BEGIN RECORDS SUPPLIED

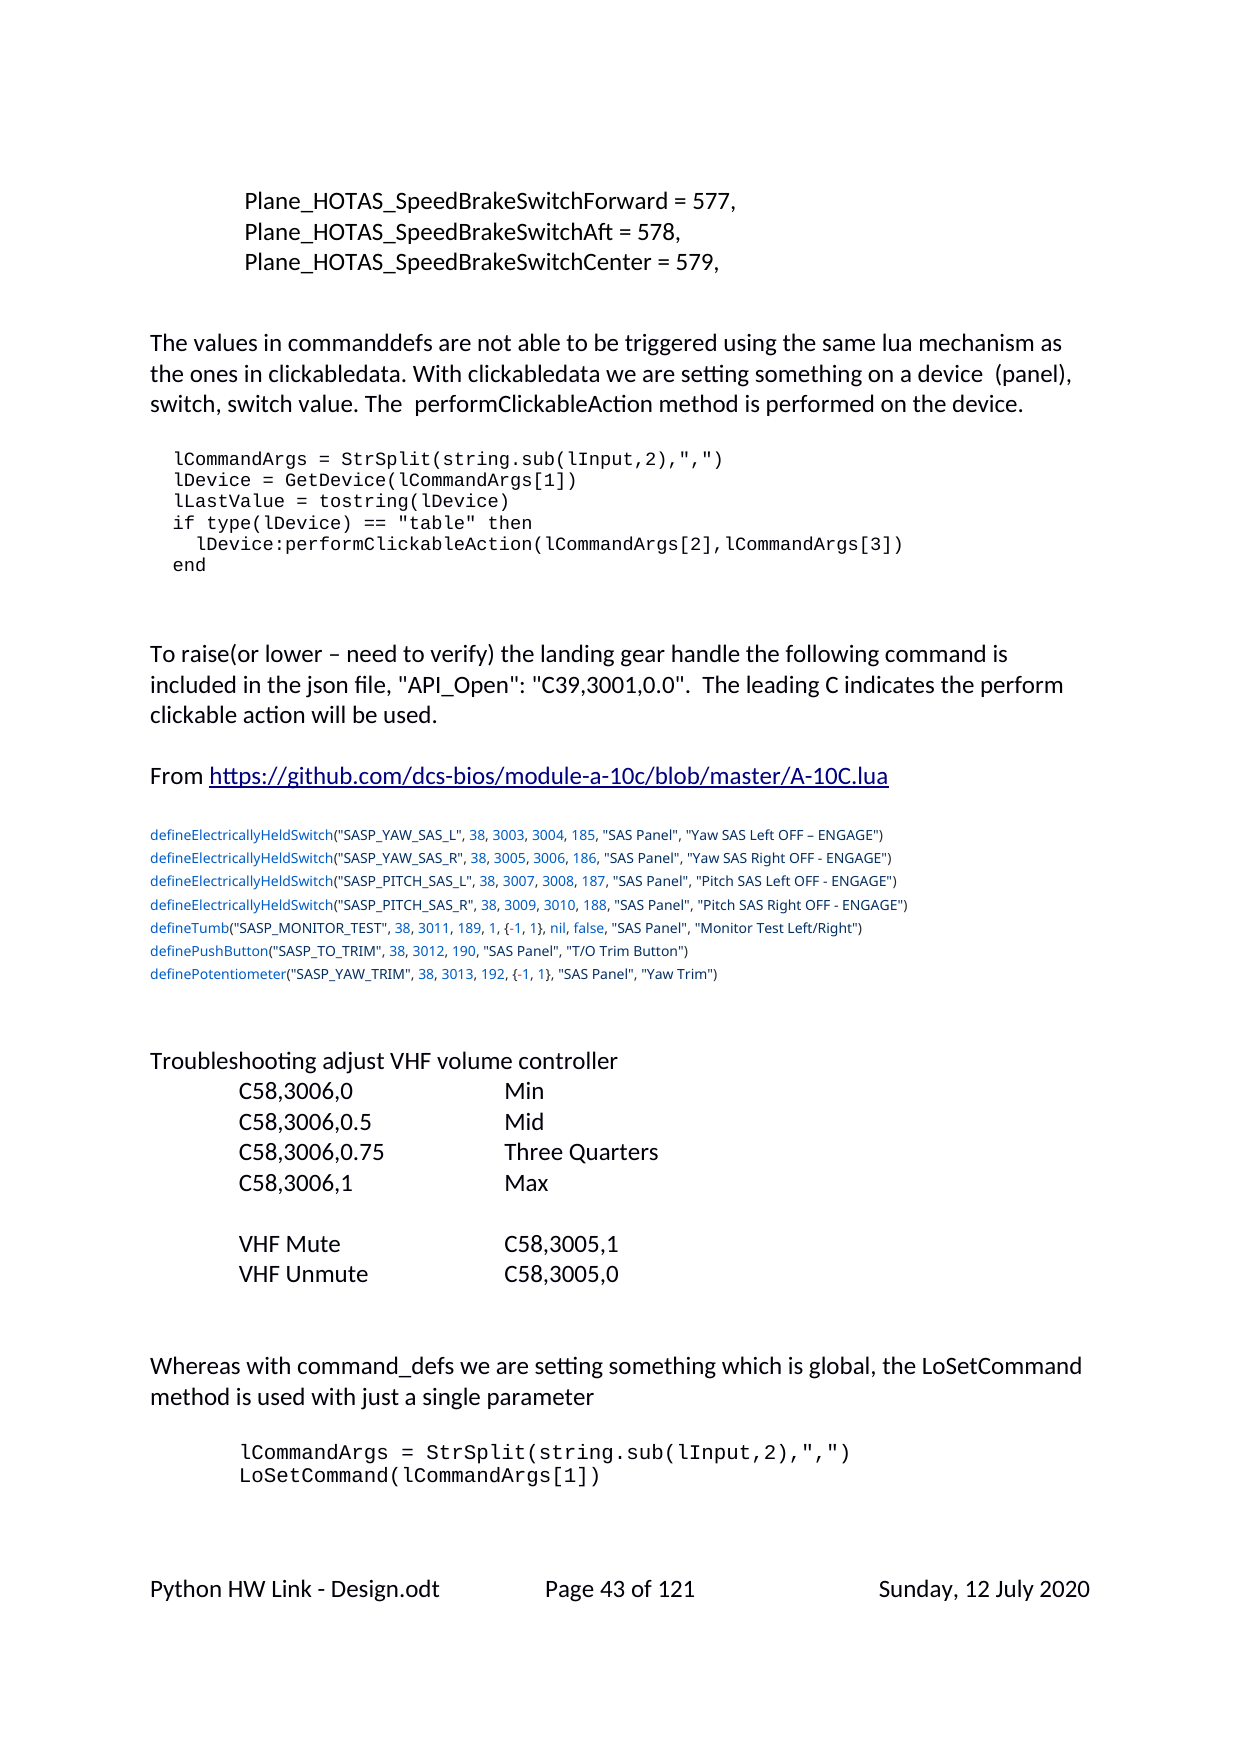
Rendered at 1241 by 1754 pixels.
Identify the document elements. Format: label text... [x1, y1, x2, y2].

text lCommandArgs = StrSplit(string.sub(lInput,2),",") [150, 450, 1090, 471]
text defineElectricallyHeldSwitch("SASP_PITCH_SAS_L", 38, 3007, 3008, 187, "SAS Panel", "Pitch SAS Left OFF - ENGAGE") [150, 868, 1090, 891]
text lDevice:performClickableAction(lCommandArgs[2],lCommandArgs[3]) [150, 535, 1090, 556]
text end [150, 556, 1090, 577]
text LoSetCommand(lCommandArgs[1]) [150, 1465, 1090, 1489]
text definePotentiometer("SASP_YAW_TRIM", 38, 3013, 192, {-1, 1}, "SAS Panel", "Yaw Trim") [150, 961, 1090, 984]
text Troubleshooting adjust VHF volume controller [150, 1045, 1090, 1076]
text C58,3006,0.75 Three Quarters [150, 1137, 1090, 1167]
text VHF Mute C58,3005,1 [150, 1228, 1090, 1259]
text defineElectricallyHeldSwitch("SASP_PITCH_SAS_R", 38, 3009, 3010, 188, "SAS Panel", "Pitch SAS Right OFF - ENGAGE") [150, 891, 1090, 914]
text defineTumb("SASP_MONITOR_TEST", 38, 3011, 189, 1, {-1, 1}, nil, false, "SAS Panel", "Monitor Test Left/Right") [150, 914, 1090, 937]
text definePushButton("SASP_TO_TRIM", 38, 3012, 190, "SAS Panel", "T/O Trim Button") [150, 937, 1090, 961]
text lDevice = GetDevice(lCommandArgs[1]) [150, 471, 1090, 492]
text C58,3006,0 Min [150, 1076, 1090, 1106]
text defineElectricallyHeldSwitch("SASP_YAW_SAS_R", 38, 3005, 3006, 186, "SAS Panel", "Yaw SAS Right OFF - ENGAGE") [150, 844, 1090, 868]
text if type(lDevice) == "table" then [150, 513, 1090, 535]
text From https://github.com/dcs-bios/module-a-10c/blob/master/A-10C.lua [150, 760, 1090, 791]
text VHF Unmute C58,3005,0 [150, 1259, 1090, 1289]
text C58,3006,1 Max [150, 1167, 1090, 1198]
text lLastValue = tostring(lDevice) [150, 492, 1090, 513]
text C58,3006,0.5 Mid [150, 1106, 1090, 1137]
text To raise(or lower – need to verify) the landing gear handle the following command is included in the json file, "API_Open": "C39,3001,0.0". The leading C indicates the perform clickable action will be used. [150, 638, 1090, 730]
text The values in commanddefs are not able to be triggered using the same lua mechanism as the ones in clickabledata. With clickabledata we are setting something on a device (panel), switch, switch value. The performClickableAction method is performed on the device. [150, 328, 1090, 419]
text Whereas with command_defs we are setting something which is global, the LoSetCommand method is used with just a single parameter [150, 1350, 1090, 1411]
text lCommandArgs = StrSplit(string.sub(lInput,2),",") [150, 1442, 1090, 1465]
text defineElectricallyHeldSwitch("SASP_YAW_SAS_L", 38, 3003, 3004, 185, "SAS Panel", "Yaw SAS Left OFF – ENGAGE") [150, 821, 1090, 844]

END RECORDS SUPPLIED
BEGIN RECORDS SUPPLIED

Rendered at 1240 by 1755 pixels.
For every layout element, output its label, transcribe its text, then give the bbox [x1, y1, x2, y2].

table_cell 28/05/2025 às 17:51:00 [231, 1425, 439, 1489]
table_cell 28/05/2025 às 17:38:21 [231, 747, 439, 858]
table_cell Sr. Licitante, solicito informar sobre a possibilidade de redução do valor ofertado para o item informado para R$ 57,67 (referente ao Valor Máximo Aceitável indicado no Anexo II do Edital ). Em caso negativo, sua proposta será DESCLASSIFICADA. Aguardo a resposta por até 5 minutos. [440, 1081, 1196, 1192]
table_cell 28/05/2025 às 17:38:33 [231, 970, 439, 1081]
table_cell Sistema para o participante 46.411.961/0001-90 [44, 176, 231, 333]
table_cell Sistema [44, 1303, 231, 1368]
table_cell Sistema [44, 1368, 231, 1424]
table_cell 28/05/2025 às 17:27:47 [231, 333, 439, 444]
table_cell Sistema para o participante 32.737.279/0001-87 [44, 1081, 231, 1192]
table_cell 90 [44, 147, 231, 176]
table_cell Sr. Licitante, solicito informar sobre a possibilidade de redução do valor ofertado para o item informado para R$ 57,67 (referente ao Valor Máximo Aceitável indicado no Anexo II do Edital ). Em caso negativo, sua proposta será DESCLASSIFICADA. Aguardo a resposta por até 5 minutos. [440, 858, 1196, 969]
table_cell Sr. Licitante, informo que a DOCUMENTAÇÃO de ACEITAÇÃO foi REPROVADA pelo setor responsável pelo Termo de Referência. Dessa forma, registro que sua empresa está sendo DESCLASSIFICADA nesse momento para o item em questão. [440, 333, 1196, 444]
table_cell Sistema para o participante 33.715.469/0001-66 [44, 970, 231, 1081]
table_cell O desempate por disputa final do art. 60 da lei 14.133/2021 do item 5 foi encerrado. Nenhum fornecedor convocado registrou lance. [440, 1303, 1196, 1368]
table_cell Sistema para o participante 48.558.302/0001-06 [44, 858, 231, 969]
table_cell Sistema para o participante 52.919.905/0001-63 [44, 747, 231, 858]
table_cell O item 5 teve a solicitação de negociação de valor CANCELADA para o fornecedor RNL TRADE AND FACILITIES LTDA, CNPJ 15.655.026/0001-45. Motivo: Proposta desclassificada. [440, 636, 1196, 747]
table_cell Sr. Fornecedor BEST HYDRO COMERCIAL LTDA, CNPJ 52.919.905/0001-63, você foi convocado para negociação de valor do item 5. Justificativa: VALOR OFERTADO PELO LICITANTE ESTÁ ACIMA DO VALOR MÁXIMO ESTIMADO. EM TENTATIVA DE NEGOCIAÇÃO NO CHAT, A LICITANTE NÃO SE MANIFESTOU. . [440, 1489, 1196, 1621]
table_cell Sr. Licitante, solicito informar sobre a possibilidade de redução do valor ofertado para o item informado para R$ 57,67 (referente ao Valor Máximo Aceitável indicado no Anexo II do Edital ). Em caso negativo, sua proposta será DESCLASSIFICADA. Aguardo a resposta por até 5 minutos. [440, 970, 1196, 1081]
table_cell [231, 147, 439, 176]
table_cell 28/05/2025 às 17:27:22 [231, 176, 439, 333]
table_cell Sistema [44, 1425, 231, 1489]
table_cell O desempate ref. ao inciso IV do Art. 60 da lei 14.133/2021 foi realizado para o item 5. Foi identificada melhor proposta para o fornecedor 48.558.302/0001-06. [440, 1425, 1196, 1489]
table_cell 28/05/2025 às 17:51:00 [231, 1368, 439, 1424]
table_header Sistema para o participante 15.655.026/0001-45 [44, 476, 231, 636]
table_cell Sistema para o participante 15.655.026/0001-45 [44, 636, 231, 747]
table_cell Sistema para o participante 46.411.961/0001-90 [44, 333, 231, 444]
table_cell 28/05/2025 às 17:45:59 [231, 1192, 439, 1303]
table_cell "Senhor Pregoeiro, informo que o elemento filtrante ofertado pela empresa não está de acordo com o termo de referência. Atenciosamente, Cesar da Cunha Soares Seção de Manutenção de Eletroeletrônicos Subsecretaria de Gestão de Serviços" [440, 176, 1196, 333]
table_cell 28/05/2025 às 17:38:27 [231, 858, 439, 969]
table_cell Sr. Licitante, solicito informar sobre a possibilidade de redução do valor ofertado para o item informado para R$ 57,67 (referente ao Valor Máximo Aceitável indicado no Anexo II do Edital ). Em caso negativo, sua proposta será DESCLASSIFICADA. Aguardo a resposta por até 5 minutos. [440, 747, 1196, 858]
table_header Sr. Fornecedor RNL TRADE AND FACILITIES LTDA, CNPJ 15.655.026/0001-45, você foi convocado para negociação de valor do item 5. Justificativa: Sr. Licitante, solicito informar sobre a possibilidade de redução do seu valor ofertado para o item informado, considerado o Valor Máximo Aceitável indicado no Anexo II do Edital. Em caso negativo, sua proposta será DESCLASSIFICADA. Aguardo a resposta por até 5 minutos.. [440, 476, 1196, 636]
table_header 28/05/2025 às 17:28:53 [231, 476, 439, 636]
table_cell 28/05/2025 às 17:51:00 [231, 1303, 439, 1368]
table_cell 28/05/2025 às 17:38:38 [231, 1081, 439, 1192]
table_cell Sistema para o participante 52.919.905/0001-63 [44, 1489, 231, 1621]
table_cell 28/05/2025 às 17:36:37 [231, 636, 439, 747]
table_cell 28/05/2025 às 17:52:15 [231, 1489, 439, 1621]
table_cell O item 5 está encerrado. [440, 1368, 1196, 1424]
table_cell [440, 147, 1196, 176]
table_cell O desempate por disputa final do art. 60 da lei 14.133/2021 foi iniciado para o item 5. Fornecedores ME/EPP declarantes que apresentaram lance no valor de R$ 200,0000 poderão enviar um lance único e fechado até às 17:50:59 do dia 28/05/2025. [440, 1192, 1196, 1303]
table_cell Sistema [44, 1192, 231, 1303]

END RECORDS SUPPLIED

■ TASK STATEMENT ■
Copy every line of the records above that holds the word "Justificativa".

■ COMPLETED TASK ■
table_cell Sr. Fornecedor BEST HYDRO COMERCIAL LTDA, CNPJ 52.919.905/0001-63, você foi convocado para negociação de valor do item 5. Justificativa: VALOR OFERTADO PELO LICITANTE ESTÁ ACIMA DO VALOR MÁXIMO ESTIMADO. EM TENTATIVA DE NEGOCIAÇÃO NO CHAT, A LICITANTE NÃO SE MANIFESTOU. . [440, 1489, 1196, 1621]
table_header Sr. Fornecedor RNL TRADE AND FACILITIES LTDA, CNPJ 15.655.026/0001-45, você foi convocado para negociação de valor do item 5. Justificativa: Sr. Licitante, solicito informar sobre a possibilidade de redução do seu valor ofertado para o item informado, considerado o Valor Máximo Aceitável indicado no Anexo II do Edital. Em caso negativo, sua proposta será DESCLASSIFICADA. Aguardo a resposta por até 5 minutos.. [440, 476, 1196, 636]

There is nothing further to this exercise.